The U.S. Energy Information Administration expects high global oil inventory levels and surplus crude oil production capacity will restrain oil prices from going up through much of 2021.
The agency forecasts Brent prices will average 47 dollars per barrel in the first quarter of 2021 and rise to an average of 50 dollars per barrel by the fourth quarter.
WILL STOCKS COOL OFF?
Wall Street has been on a rollercoaster ride in 2020. The U.S. stock market reacted to unpredictability with large drops, triggering a market wide circuit breaker four times in March. But in November, the Dow Jones Industrial Average cracked 30,000 for the first time, surging 11.8 percent, the best monthly performance in three decades.
“What mattered this year (2020) wasn’t (corporate) earnings, but the speed and scale of the response by central banks and governments, alongside a recognition that the U.S. stock market doesn’t reflect the economy,” noted James Mackintosh, a senior columnist at the Wall Street Journal. Instead, so far as he can tell: “a far weaker economy, far weaker earnings, but significantly higher stock prices, at least in the U.S.”
Goldman Sachs said ramped up federal spending for COVID-19 relief measures and ongoing asset purchases by the Federal Reserve “could lead to a spike in inflation and interest rates,” a trend that has historically resulted in market pullbacks.
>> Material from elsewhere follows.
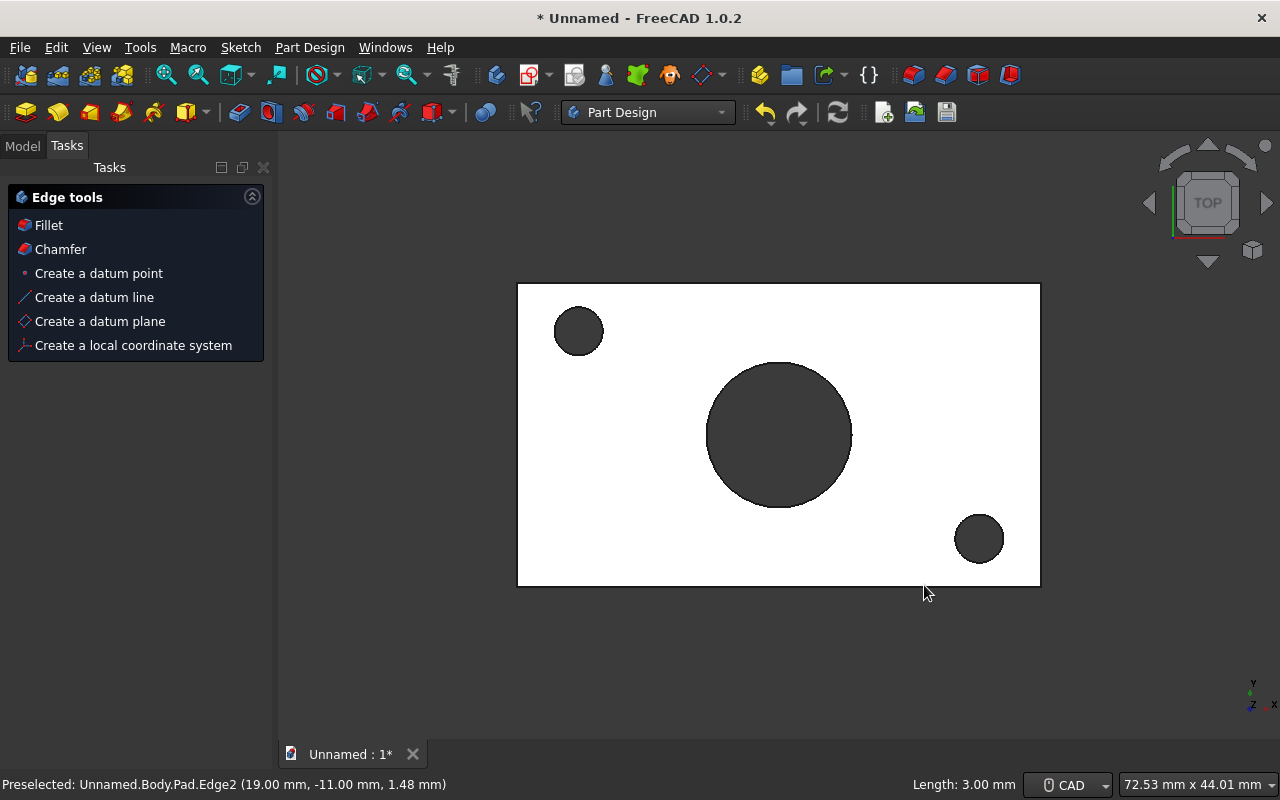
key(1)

Asian stocks are set to outperform global markets in 2021 as an “earnings super-cycle” is expected to kick off across the region, Credit Suisse said. Japan’s stock market has seen strong gains since the start of 2020, rising more than 11 percent, and is likely to maintain that momentum into 2021, Japanese analysts said.
European stocks are estimated to keep climbing. Goldman Sachs predicted a bullish FTSE 100, with the index rising to 7,200 by the end of 2021.
Likewise, the German stock index DAX is projected to hit 14,000, and the Euro Stoxx 50 index, which covers 50 blue chip stocks in the eurozone, will reach 3,500, Deutsche Bank said in a recent report.